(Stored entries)

++++

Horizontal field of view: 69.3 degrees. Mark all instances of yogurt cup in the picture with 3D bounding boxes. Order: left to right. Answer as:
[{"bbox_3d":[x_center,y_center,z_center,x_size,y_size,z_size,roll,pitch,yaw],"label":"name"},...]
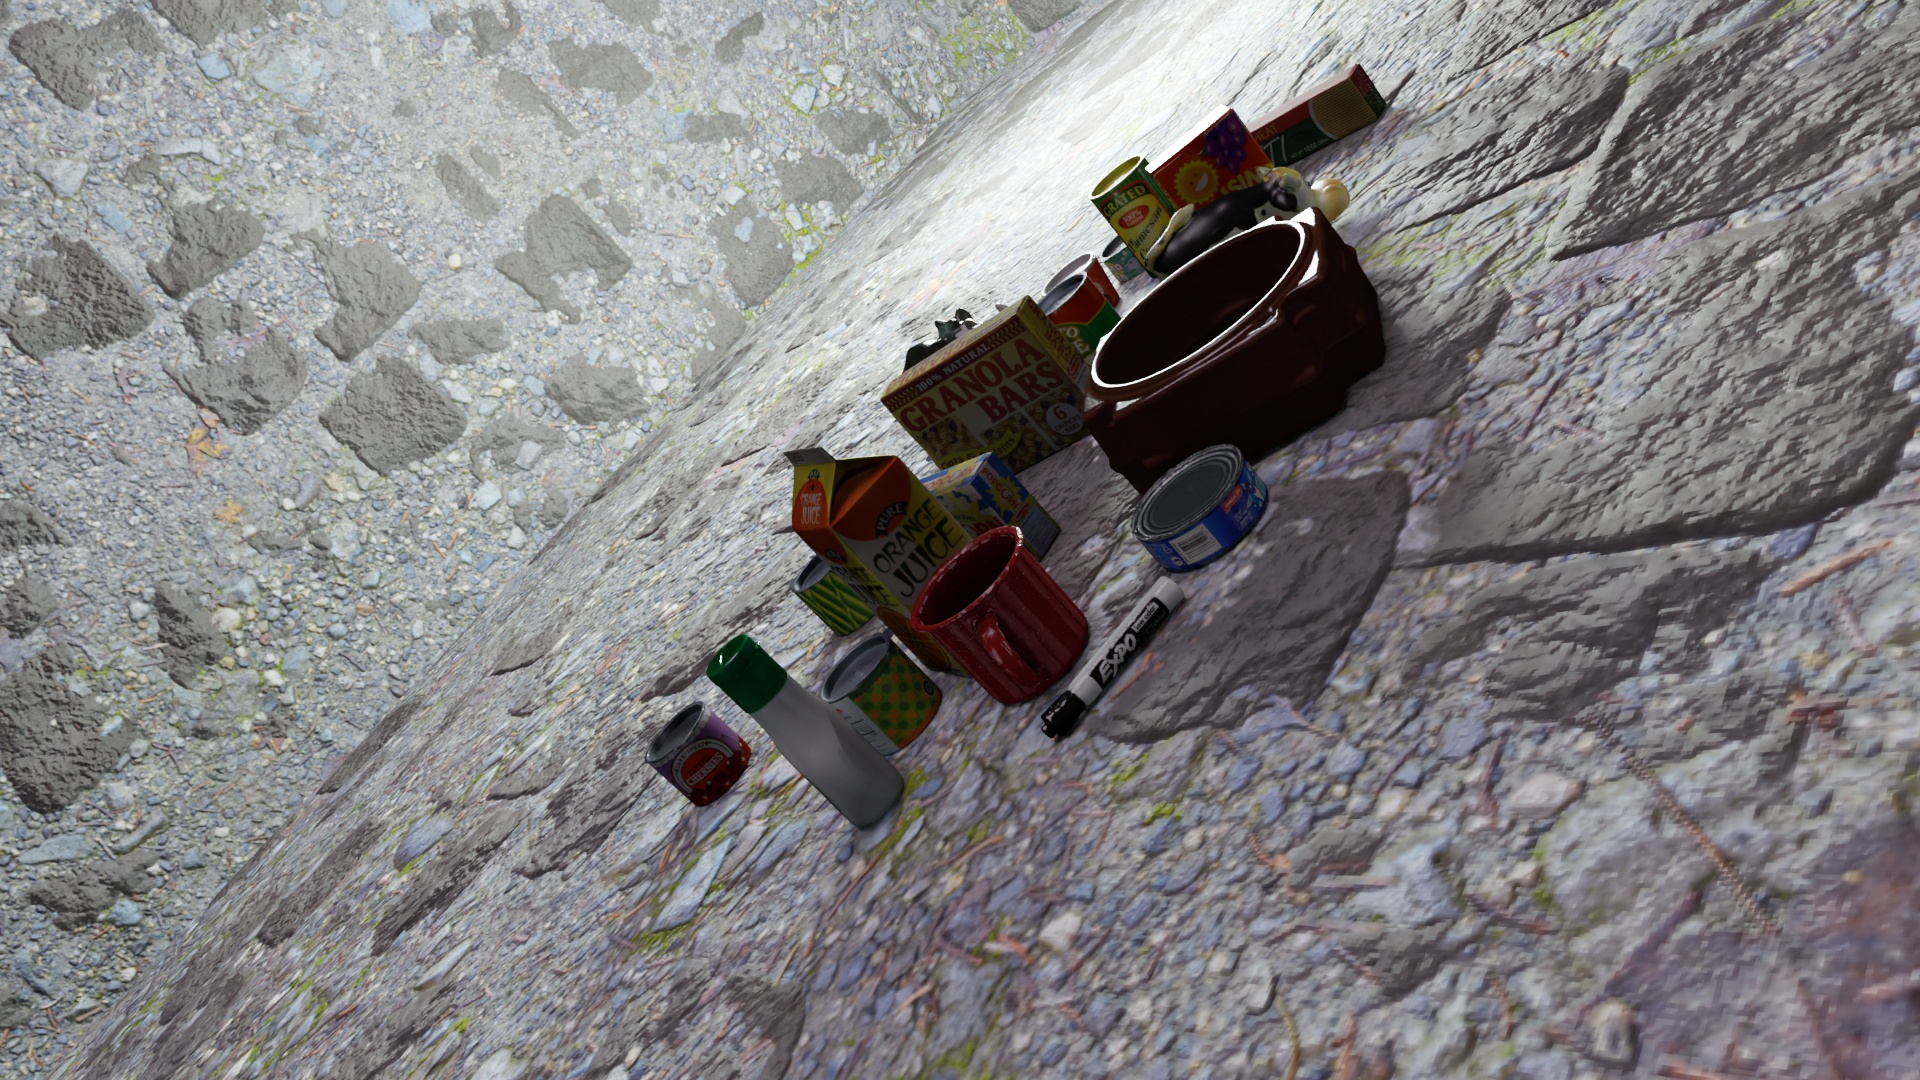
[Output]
[{"bbox_3d":[0.123,-0.249,1.398,0.072,0.054,0.073,-37,20,16],"label":"yogurt cup"}]

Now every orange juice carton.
[{"bbox_3d":[-0.047,0.004,0.976,0.073,0.192,0.071,-49,20,-18],"label":"orange juice carton"}]

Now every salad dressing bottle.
[{"bbox_3d":[-0.100,0.122,0.896,0.044,0.147,0.064,-40,19,7],"label":"salad dressing bottle"}]

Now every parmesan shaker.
[{"bbox_3d":[0.183,-0.316,1.349,0.071,0.103,0.071,-37,20,16],"label":"parmesan shaker"}]

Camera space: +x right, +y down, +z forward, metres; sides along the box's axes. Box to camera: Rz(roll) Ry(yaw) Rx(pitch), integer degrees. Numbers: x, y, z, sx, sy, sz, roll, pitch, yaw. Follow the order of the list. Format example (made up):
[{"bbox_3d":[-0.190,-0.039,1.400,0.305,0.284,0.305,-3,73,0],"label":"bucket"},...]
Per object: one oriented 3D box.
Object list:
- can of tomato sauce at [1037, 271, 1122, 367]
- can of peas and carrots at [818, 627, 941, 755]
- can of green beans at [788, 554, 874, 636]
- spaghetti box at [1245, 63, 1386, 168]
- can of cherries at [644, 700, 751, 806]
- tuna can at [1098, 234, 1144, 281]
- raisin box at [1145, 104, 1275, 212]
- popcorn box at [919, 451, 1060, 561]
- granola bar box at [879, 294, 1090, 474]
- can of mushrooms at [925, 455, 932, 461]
[{"bbox_3d":[0.110,-0.186,1.245,0.071,0.083,0.071,-37,20,16],"label":"can of tomato sauce"},{"bbox_3d":[-0.054,0.106,0.976,0.071,0.058,0.071,-37,20,16],"label":"can of peas and carrots"},{"bbox_3d":[-0.104,0.041,1.212,0.071,0.057,0.071,-37,20,16],"label":"can of green beans"},{"bbox_3d":[0.297,-0.385,1.360,0.249,0.050,0.029,-18,31,50],"label":"spaghetti box"},{"bbox_3d":[-0.214,0.176,1.136,0.071,0.058,0.072,-37,20,16],"label":"can of cherries"},{"bbox_3d":[0.177,-0.298,1.431,0.071,0.032,0.071,-37,20,16],"label":"tuna can"},{"bbox_3d":[0.229,-0.296,1.188,0.086,0.123,0.040,-38,19,12],"label":"raisin box"},{"bbox_3d":[0.004,-0.014,1.078,0.126,0.085,0.038,-18,31,50],"label":"popcorn box"},{"bbox_3d":[0.030,-0.119,1.194,0.165,0.124,0.039,-28,24,36],"label":"granola bar box"},{"bbox_3d":[0.003,-0.089,1.318,0.071,0.033,0.071,-37,20,16],"label":"can of mushrooms"}]
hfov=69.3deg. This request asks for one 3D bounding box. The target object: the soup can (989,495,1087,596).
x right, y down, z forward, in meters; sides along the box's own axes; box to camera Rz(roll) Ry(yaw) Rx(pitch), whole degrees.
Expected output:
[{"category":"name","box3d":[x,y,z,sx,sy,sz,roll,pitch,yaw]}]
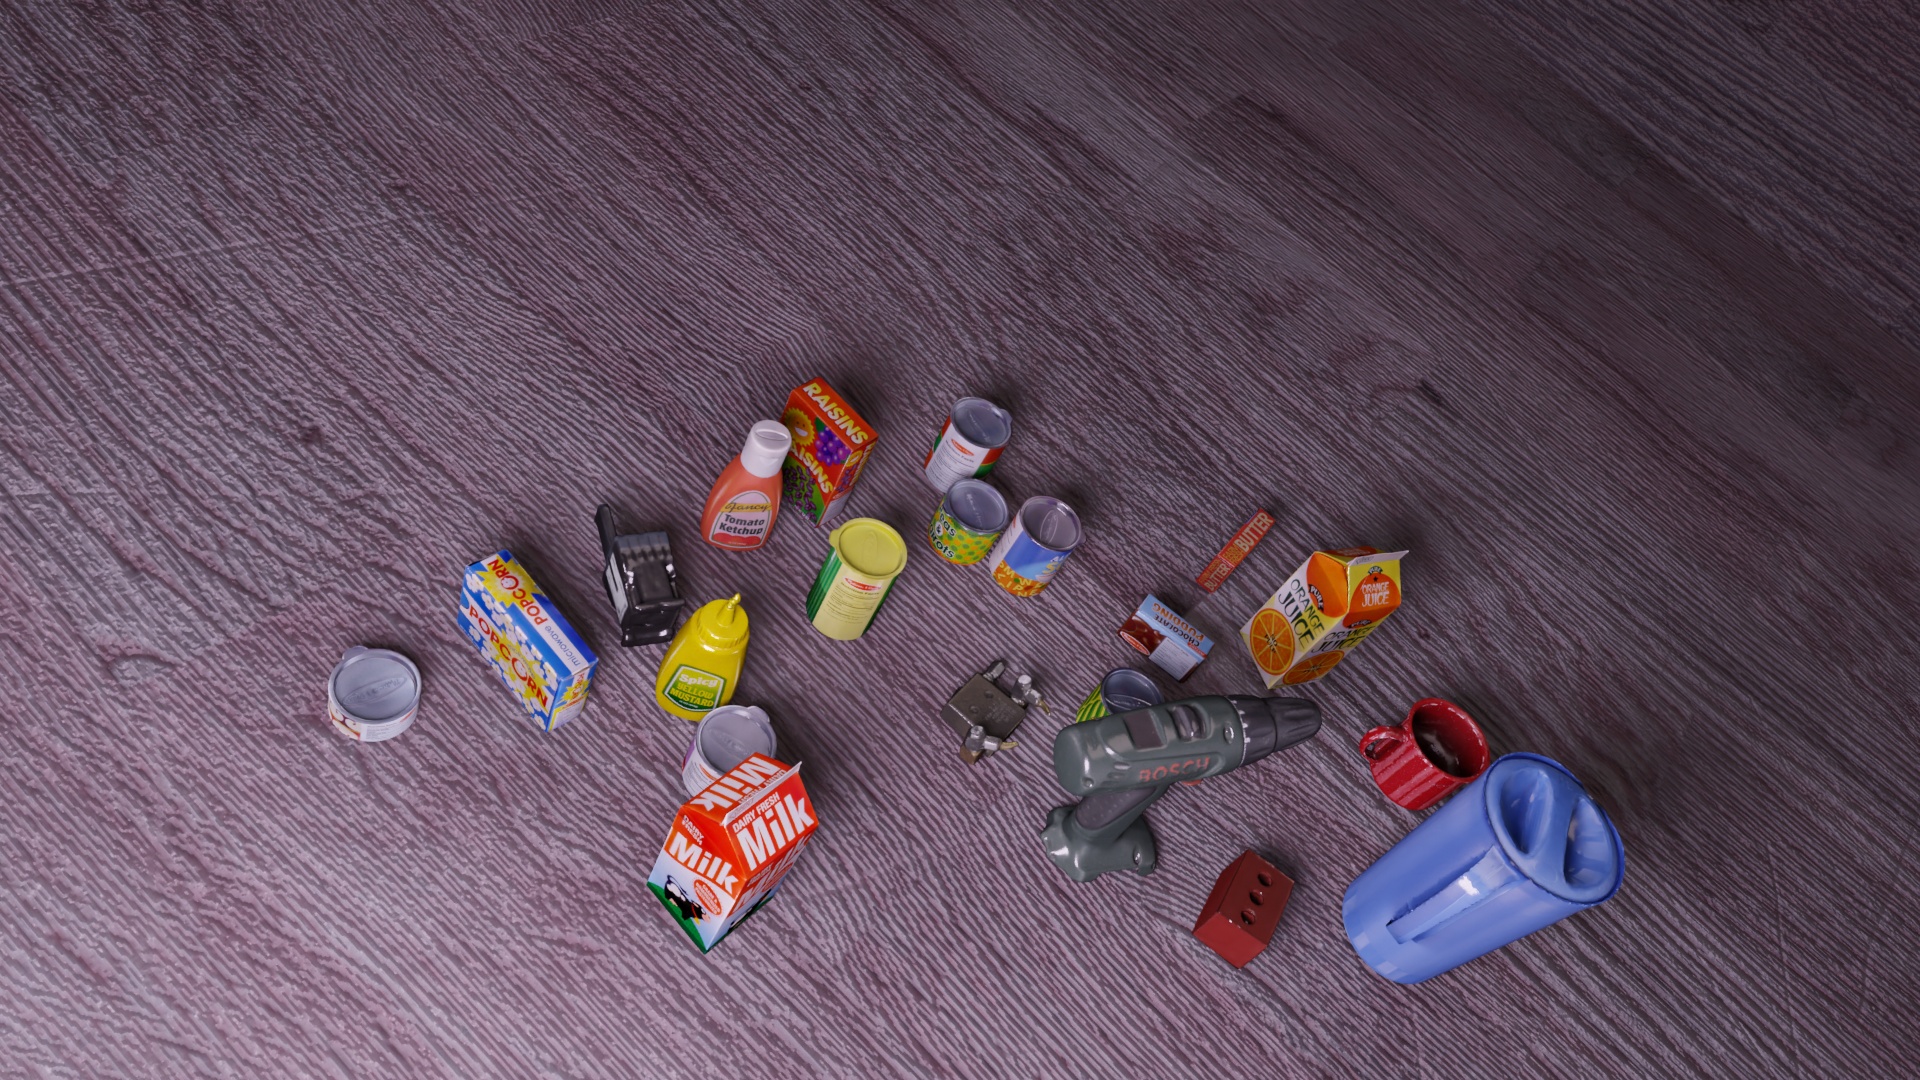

++++

PROBLEM REQUIREMENTS:
Do not include pictures. Copy only the lines running from the line with "x right, y down, z" through the last line of the records, exactly as they appear.

OUTPUT BELOW:
x right, y down, z forward, in meters; sides along the box's own axes; box to camera Rz(roll) Ry(yaw) Rx(pitch), whole degrees.
Expected output:
[{"category":"name","box3d":[x,y,z,sx,sy,sz,roll,pitch,yaw]}]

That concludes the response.